Tuesday, December 02, 2008

Tory lead cut as Labour faithful return to the fold.

I thought the Tory response to Labour's pre-budget report was insane. I said at the time that I thought George Osborne's response was simply appalling.

And now the latest opinion poll figures appear to indicate that Labour supporters are returning to the fold as the Tories start talking about cutting public services rather than spending our way out of recession as Barack Obama and almost every other western leader intends to do.

I thought Cameron, who has played a very clever game up until this point, misjudged this one horribly and - in a single day - undid all his hard work to remove the Tory image as the nasty party.

But it was Osborne's attempt to lay the blame for a worldwide recession - and one which we all know started with the subprime mortgage crisis in the US - solely at the door of Number 10 which made him seem not only not serious but borderline bonkers. It was quite one of the worst performances I have ever seen in the Commons.

And, if the recent figures are correct, the rest of the nation was also appalled.

Labour has narrowed the Conservative Party's poll lead to just one point as the "Brown bounce" continues, according to a ComRes survey for The Independent.

It suggests that the measures in last week's pre-Budget report (PBR), including a new 45p-in-the-pound top rate of tax on incomes over £150,000, have proved popular among Labour's core voters.

The survey, taken between Friday and Sunday, puts the Tories on 37 per cent (down two points on last month), Labour on 36 per cent (up five points), the Liberal Democrats on 17 per cent (up one point) and other parties on 10 per cent (down four points).
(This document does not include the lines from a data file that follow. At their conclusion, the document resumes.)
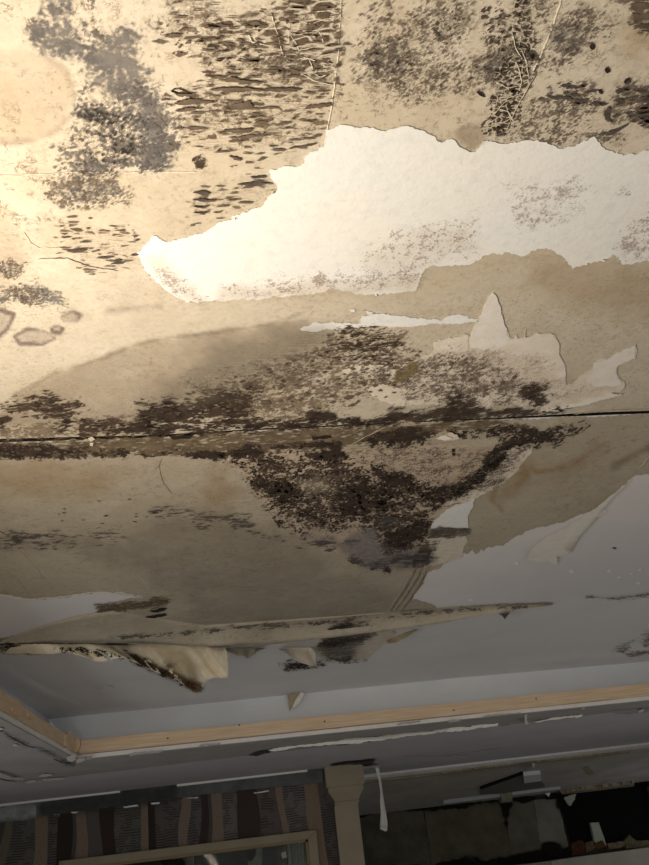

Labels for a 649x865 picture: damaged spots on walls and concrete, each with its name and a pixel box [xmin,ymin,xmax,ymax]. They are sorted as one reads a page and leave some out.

damp [26,0,183,211]
crack [152,0,351,226]
damp [349,0,649,146]
crack [480,0,541,137]
peeling [137,125,649,304]
peeling [300,293,638,413]
crack [171,433,192,441]
damp [0,323,590,574]
crack [312,421,411,450]
peeling [431,499,475,529]
peeling [0,643,265,693]
peeling [279,647,317,667]
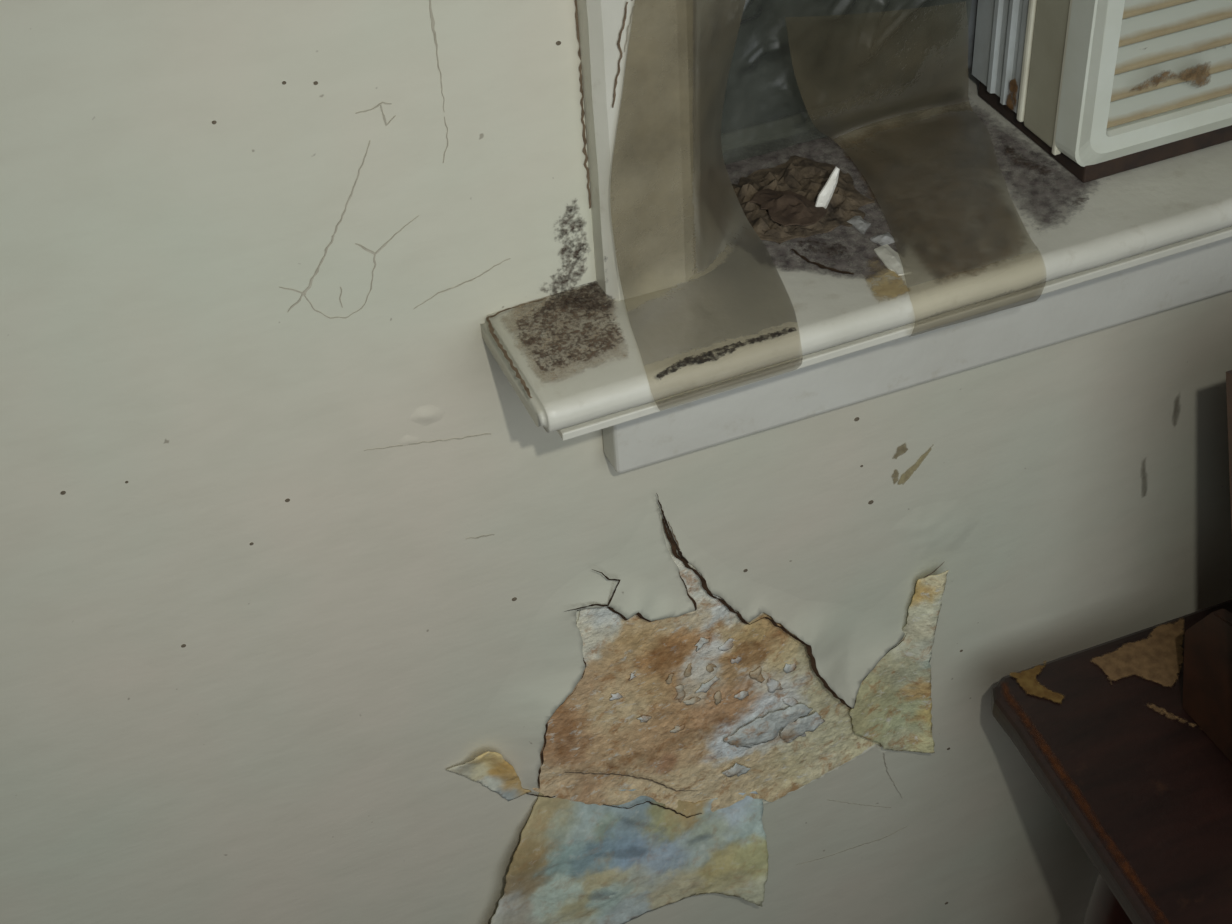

The figures would give Gordon Brown an overall majority of 10 if repeated at a general election. The gap between the two main parties is the narrowest in any poll since January, when an Ipsos MORI survey put Labour one point ahead.

Labour's support among the bottom social group DE has risen from 35 per cent to 51 per cent over the past month. In contrast, Tory support among the same group has dropped from 39 per cent to one in four. At the same time, Labour's backing among C2 skilled manual workers has grown from 23 per cent to 35 per cent.

Cameron has held a large lead over Labour without specifically telling any of us what he intended to do. It was enough that he offered an alternative to the government and didn't appear scary.

However, his response to the financial crisis was simply to do nothing and allow the market to sort itself out, even if that meant large cuts in public services.

It will be very interesting to see if he changes his tune now that there are figures indicating what way the public mood is pointing on this matter.